Data records
------------------------------

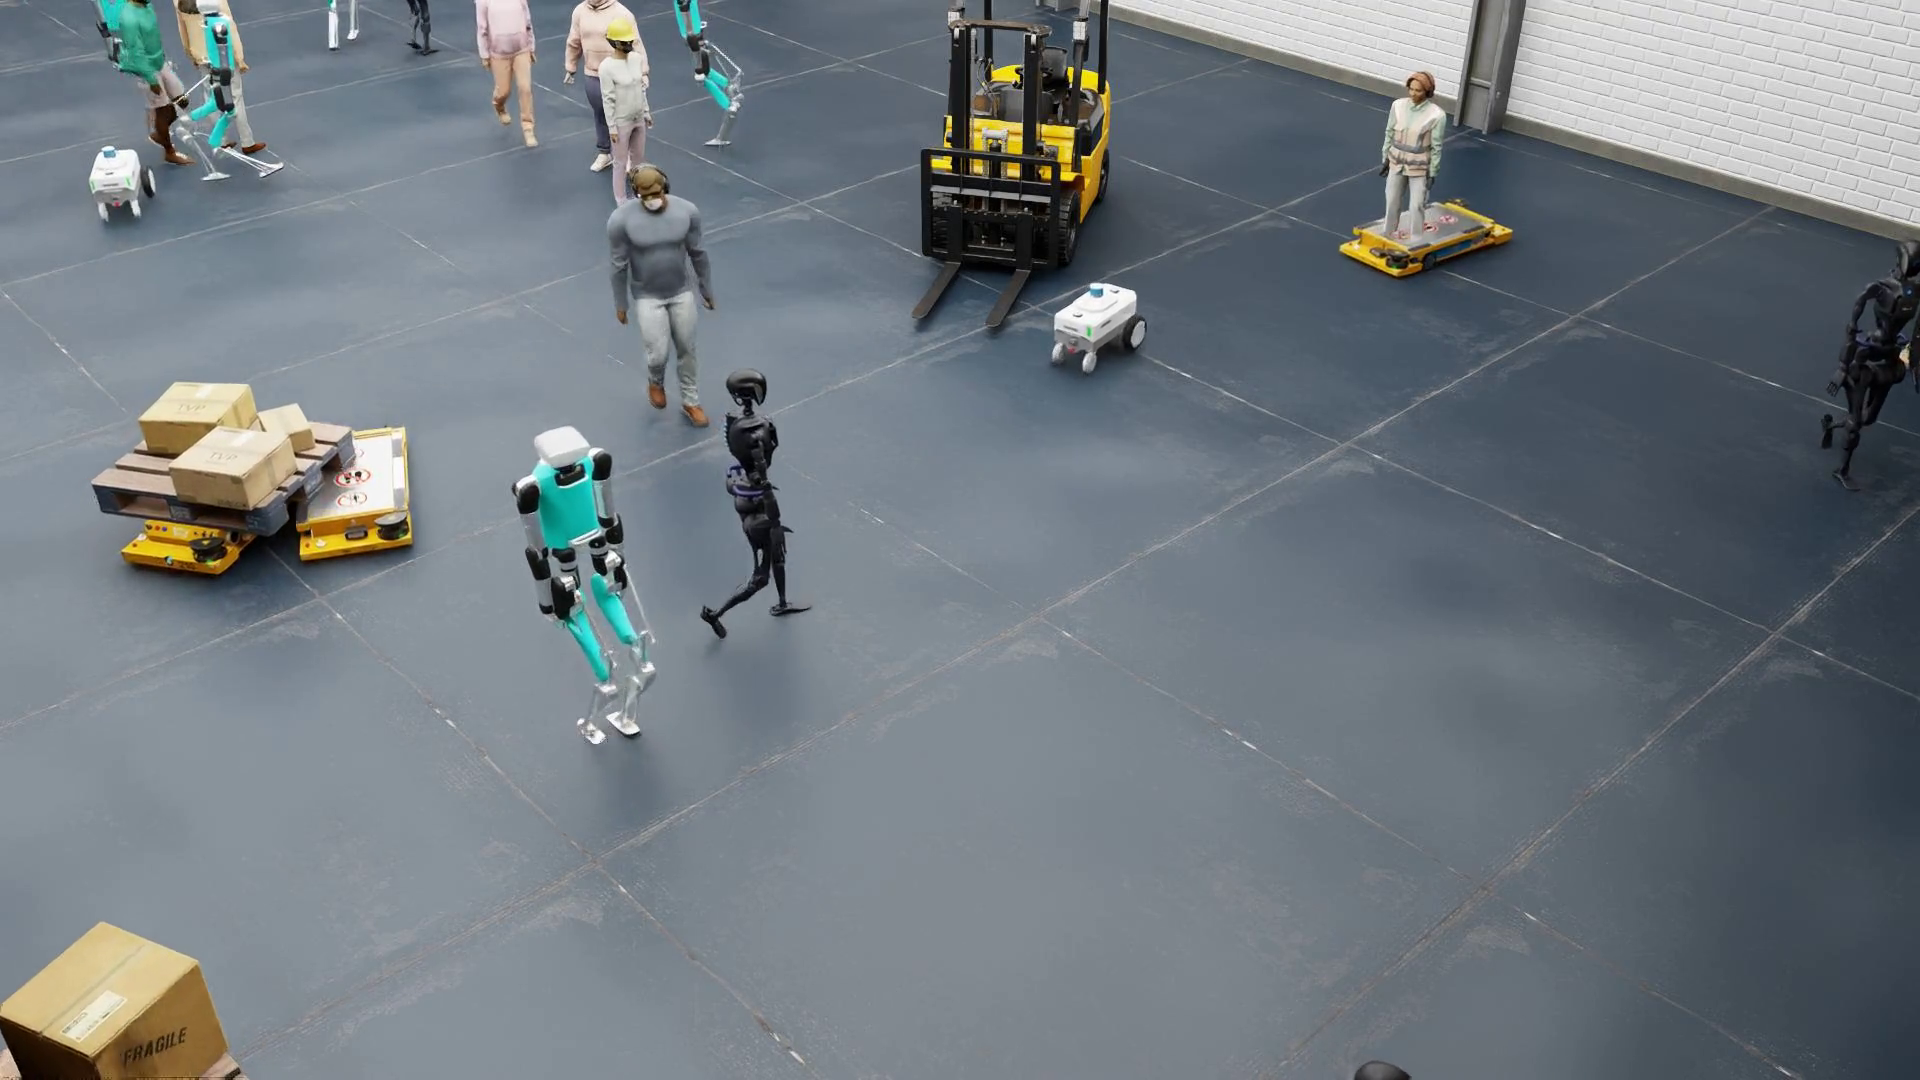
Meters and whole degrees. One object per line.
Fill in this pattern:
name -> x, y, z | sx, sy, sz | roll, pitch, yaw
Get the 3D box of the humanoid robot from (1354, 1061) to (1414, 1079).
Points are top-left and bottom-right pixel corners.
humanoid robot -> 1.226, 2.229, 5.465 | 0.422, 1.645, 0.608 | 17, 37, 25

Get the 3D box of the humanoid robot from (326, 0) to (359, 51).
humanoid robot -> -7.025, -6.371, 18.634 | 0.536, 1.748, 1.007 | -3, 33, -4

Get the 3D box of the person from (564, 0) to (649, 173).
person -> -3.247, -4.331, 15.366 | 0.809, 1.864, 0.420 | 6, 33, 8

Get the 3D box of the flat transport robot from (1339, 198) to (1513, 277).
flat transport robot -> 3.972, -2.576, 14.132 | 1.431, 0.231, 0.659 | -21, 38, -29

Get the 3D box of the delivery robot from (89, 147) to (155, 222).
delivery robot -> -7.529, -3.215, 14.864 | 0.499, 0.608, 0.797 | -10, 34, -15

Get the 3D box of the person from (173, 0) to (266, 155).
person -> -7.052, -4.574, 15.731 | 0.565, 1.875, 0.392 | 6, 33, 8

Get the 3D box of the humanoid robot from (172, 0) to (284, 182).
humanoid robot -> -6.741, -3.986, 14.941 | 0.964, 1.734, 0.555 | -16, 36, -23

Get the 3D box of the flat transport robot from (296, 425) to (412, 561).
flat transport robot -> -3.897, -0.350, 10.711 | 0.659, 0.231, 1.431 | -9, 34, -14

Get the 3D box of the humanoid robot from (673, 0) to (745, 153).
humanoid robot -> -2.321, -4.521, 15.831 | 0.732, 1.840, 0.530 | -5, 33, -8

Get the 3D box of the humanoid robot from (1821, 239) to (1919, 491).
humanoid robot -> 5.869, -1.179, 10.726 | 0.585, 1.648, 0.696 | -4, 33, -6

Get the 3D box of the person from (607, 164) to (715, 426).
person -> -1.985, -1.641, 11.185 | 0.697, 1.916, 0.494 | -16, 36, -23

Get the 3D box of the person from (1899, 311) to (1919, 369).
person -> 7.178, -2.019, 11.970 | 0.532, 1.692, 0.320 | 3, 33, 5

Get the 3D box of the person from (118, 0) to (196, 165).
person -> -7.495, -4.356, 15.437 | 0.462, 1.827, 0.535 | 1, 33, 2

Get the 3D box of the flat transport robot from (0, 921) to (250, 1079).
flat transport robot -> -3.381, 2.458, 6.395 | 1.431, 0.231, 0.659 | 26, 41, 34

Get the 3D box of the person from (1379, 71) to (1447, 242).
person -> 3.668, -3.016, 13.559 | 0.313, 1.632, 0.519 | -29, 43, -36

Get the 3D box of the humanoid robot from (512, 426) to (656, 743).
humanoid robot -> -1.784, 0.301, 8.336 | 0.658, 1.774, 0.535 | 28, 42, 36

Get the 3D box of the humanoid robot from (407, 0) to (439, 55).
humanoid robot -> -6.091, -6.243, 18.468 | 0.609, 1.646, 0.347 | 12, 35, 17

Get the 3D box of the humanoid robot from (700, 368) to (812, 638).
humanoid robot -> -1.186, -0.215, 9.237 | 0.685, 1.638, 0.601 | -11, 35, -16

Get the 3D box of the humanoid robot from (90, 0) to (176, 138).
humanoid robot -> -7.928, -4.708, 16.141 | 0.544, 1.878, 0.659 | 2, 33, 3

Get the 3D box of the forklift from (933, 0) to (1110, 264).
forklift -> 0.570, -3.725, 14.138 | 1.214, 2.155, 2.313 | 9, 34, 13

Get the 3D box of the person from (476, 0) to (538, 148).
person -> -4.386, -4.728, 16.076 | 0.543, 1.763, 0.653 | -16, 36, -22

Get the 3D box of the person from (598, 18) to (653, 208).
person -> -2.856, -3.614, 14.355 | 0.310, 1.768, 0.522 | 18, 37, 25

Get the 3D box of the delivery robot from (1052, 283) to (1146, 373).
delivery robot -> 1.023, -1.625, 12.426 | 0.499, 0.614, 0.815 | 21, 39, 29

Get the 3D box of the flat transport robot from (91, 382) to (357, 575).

------------------------------

- **Work to be completed**
Every record above should reappear exactly, with the pictures gone.

- **Solution for this problem**
Meters and whole degrees. One object per line.
Fill in this pattern:
name -> x, y, z | sx, sy, sz | roll, pitch, yaw
Get the 3D box of the humanoid robot from (1354, 1061) to (1414, 1079).
Points are top-left and bottom-right pixel corners.
humanoid robot -> 1.226, 2.229, 5.465 | 0.422, 1.645, 0.608 | 17, 37, 25

Get the 3D box of the humanoid robot from (326, 0) to (359, 51).
humanoid robot -> -7.025, -6.371, 18.634 | 0.536, 1.748, 1.007 | -3, 33, -4

Get the 3D box of the person from (564, 0) to (649, 173).
person -> -3.247, -4.331, 15.366 | 0.809, 1.864, 0.420 | 6, 33, 8

Get the 3D box of the flat transport robot from (1339, 198) to (1513, 277).
flat transport robot -> 3.972, -2.576, 14.132 | 1.431, 0.231, 0.659 | -21, 38, -29

Get the 3D box of the delivery robot from (89, 147) to (155, 222).
delivery robot -> -7.529, -3.215, 14.864 | 0.499, 0.608, 0.797 | -10, 34, -15

Get the 3D box of the person from (173, 0) to (266, 155).
person -> -7.052, -4.574, 15.731 | 0.565, 1.875, 0.392 | 6, 33, 8

Get the 3D box of the humanoid robot from (172, 0) to (284, 182).
humanoid robot -> -6.741, -3.986, 14.941 | 0.964, 1.734, 0.555 | -16, 36, -23

Get the 3D box of the flat transport robot from (296, 425) to (412, 561).
flat transport robot -> -3.897, -0.350, 10.711 | 0.659, 0.231, 1.431 | -9, 34, -14

Get the 3D box of the humanoid robot from (673, 0) to (745, 153).
humanoid robot -> -2.321, -4.521, 15.831 | 0.732, 1.840, 0.530 | -5, 33, -8

Get the 3D box of the humanoid robot from (1821, 239) to (1919, 491).
humanoid robot -> 5.869, -1.179, 10.726 | 0.585, 1.648, 0.696 | -4, 33, -6

Get the 3D box of the person from (607, 164) to (715, 426).
person -> -1.985, -1.641, 11.185 | 0.697, 1.916, 0.494 | -16, 36, -23

Get the 3D box of the person from (1899, 311) to (1919, 369).
person -> 7.178, -2.019, 11.970 | 0.532, 1.692, 0.320 | 3, 33, 5

Get the 3D box of the person from (118, 0) to (196, 165).
person -> -7.495, -4.356, 15.437 | 0.462, 1.827, 0.535 | 1, 33, 2

Get the 3D box of the flat transport robot from (0, 921) to (250, 1079).
flat transport robot -> -3.381, 2.458, 6.395 | 1.431, 0.231, 0.659 | 26, 41, 34

Get the 3D box of the person from (1379, 71) to (1447, 242).
person -> 3.668, -3.016, 13.559 | 0.313, 1.632, 0.519 | -29, 43, -36

Get the 3D box of the humanoid robot from (512, 426) to (656, 743).
humanoid robot -> -1.784, 0.301, 8.336 | 0.658, 1.774, 0.535 | 28, 42, 36

Get the 3D box of the humanoid robot from (407, 0) to (439, 55).
humanoid robot -> -6.091, -6.243, 18.468 | 0.609, 1.646, 0.347 | 12, 35, 17

Get the 3D box of the humanoid robot from (700, 368) to (812, 638).
humanoid robot -> -1.186, -0.215, 9.237 | 0.685, 1.638, 0.601 | -11, 35, -16

Get the 3D box of the humanoid robot from (90, 0) to (176, 138).
humanoid robot -> -7.928, -4.708, 16.141 | 0.544, 1.878, 0.659 | 2, 33, 3

Get the 3D box of the forklift from (933, 0) to (1110, 264).
forklift -> 0.570, -3.725, 14.138 | 1.214, 2.155, 2.313 | 9, 34, 13

Get the 3D box of the person from (476, 0) to (538, 148).
person -> -4.386, -4.728, 16.076 | 0.543, 1.763, 0.653 | -16, 36, -22

Get the 3D box of the person from (598, 18) to (653, 208).
person -> -2.856, -3.614, 14.355 | 0.310, 1.768, 0.522 | 18, 37, 25

Get the 3D box of the delivery robot from (1052, 283) to (1146, 373).
delivery robot -> 1.023, -1.625, 12.426 | 0.499, 0.614, 0.815 | 21, 39, 29

Get the 3D box of the flat transport robot from (91, 382) to (357, 575).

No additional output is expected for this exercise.